The reason is straightforward. The digital age has exponentially amplified the foundational factors of our unique pattern of evolution. It’s a trajectory that is accelerating at a frightening speed. To understand why code, software, and the internet are unlocking such startling human capabilities at such a frantic pace we need to start where our species did – 300,000 years ago.
It’s a fascinating journey and gets more exciting with every passing day.
Unlocking the secret of fire up to a million years ago gave our evolutionary ancestor, Homo erectus, a revolutionary level of control over its surrounding natural environment.

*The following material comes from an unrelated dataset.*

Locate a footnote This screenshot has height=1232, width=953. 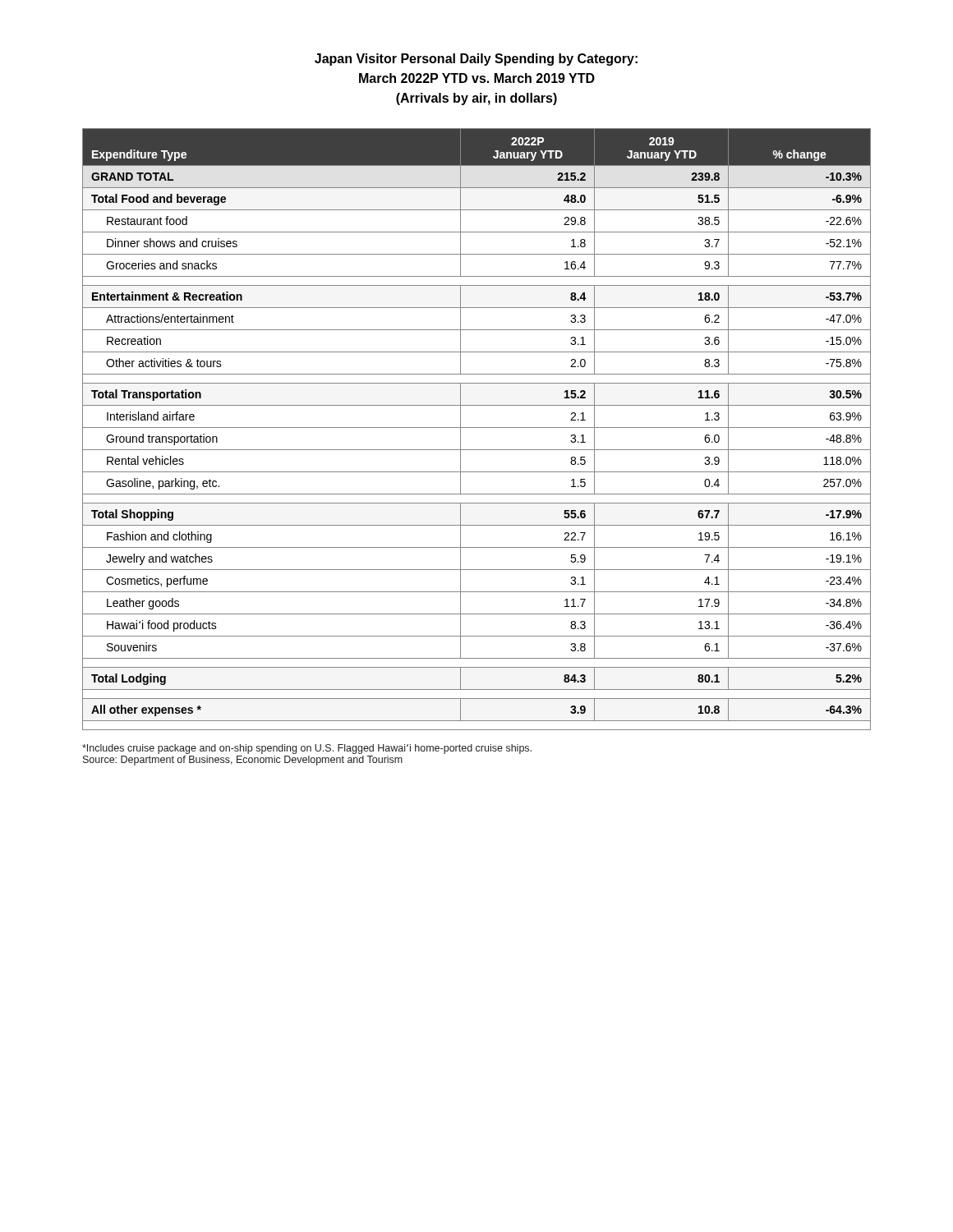307,754

It also allowed Homo erectus and the subsequent Homo species that preceded our own and the Neanderthals to increase the volume of calories they were able to consume. It is thought that helped lead to the evolution of Homo sapiens’ larger brains.
What followed was a remarkable, and as far as we know utterly unique and lightning-quick (in the context of evolutionary biology), evolution. The first primates, or proto-primates, are believed to have evolved around 66 million years ago. The evolutionary lineage of lesser (gibbons) and great apes split between 12 million and 18 million years ago.

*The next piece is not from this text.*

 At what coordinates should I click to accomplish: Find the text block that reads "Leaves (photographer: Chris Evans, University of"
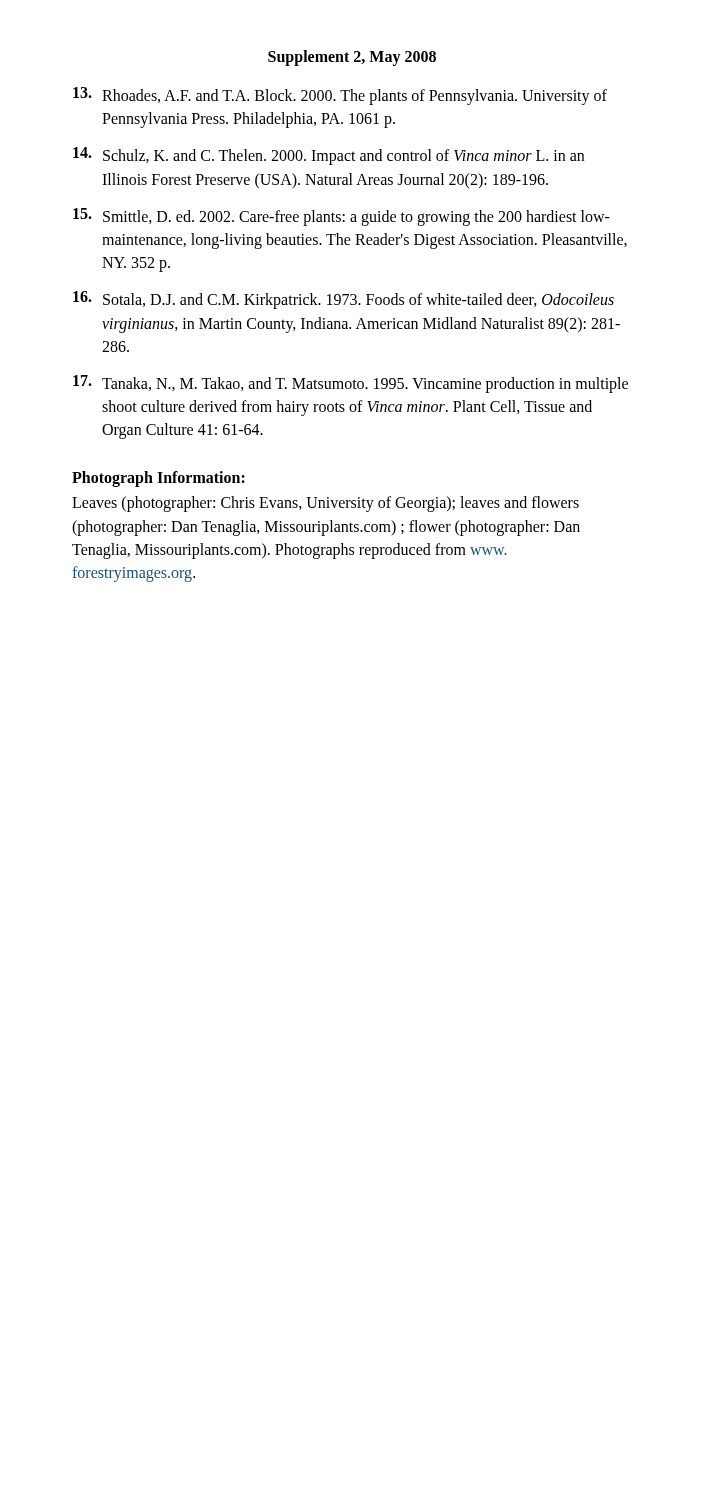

The evolutionary path of orangutans split from that of the other great apes 8 million to 12 million years ago. The line that leads to humans split from first the gorillas, then chimpanzees, between 8 million and 4 million years ago. The first great apes (hominids) appear between 7.2 million and 5.7 million years ago.

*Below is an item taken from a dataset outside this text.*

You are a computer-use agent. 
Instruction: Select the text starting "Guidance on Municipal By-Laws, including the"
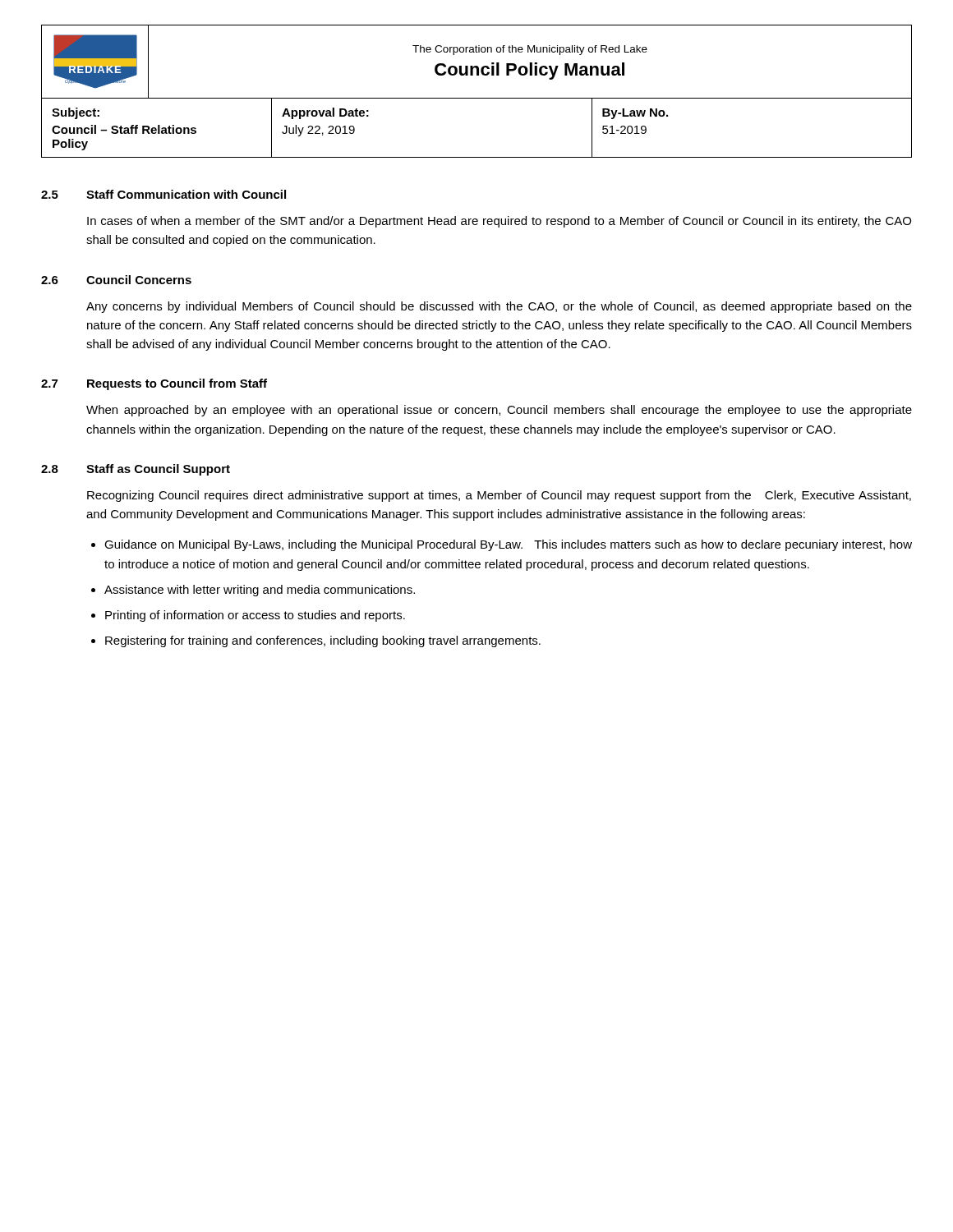click(x=508, y=554)

The earliest member of the genus Homo, the genus to which we, Homo sapiens, belong is Homo habilis which evolved around 2.8 million years ago. The oldest Homo sapiens fossils date to between 200,000 and 300,000 years ago.
We migrated out of Africa between 70,000 and 50,000 years ago. Gunpowder was invented a little over 1000 years ago. The printing press less than 600 years ago. The steam engine 310 years ago. The electric motor, still used in most electrical devices today, was invented in 1837, the electric telegraph in 1844, and the electric lightbulb in 1878 (Swan) and 1879 (Edison).
The first automobile powered by an internal combustion engine was developed by the German mechanical engineer Karl Benz in 1885.
The pace of technology-powered human development has been amazing but what is even more striking is that it is speeding up.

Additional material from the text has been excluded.